How the Gulf's future will look, according to Deloitte

Region prepares for self-driving cars, the launch of 5G and a big rise in cyber attacks

The Gulf region will see a "steady introduction" of autonomous vehicles in the next three years but will also suffer big increases in cybercrime, according to consultants Deloitte.

In a report predicting 2017 technological breakthroughs in the region, Deloitte said the initial launch will include cars which are not fully driverless but connected and assisted, exchanging valuable road information within current networks.

Following the launch of 5G in 2021, Deloitte said it predicts that driverless technology adoption will grow exponentially until all vehicles will be capable of driving autonomously 20 years later.

"5G will enable vehicle-to-vehicle connectivity technology by lowering costs, battery consumption and latency for all machine-to-machine communication applications," the report said.

Deloitte also warned that the Middle East should be on higher alert than the rest of the world as it will see an increase in the frequency and intensity of cyber incidents across all attack vectors.
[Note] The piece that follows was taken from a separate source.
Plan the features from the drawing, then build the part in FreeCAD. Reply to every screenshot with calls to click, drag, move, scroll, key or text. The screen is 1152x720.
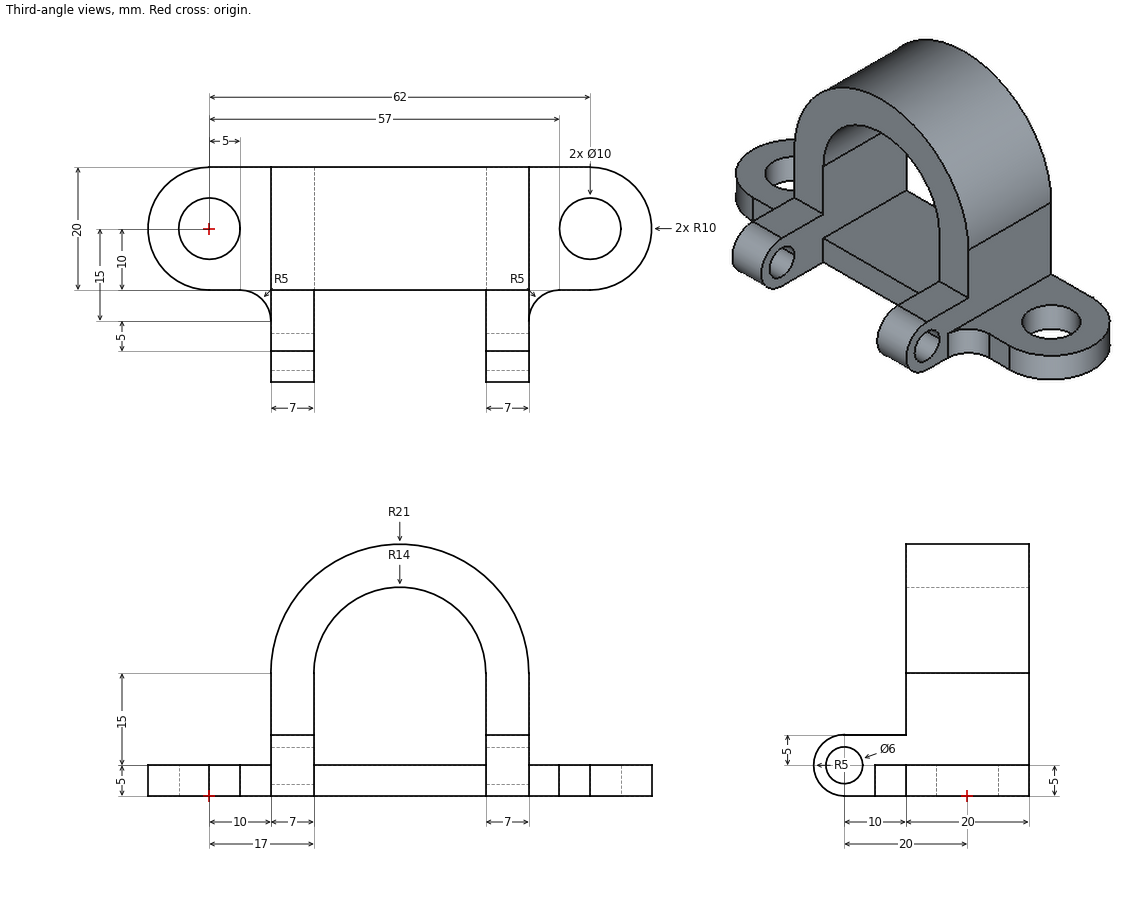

"We predict that Middle East residences and institutions are twice as likely to encounter malware when compared to the global average... will potentially suffer an additional $130 million in costs related to cyber-crime in 2017," it said.

It added that the average mobile internet speeds in some of the GCC countries will reach 30 Mb/s by the end of 2017 and around 50 Mb/s by 2018. 

By end of 2017, over 40 carriers regionally are likely to offer LTE-Advanced and over 10 should have LTE-Advanced Pro networks, Deloitte said.

It added that it expects 5G to be launched in its pre-standard form starting 2019 in specific regions within the GCC and a large-scale commercial rollout to the wider metropolitan areas by 2020.

Deloitte Middle East also predicts that connected entertainment such as video streaming, smart TVs and wireless speakers and connected health devices will continue their upward surge by growing in revenues at an average of 10 percent and 20 percent, respectively in the GCC in 2017.

"There has been, so far, limited take-up of connected home appliances such as smart thermostat, lighting, and home appliances in the GCC. We believe that this segment will still witness a slow increase in adoption on the back of new product launches, and the implementation of energy efficiency policies by local authorities," the report noted.

Deloitte also predicts that blockchain will find widespread use in the GCC, where it will find uptake in the public sector potentially saving $3.5 billion in leakages over the next couple of years, by using blockchain-based identity management for the disbursement of social welfare.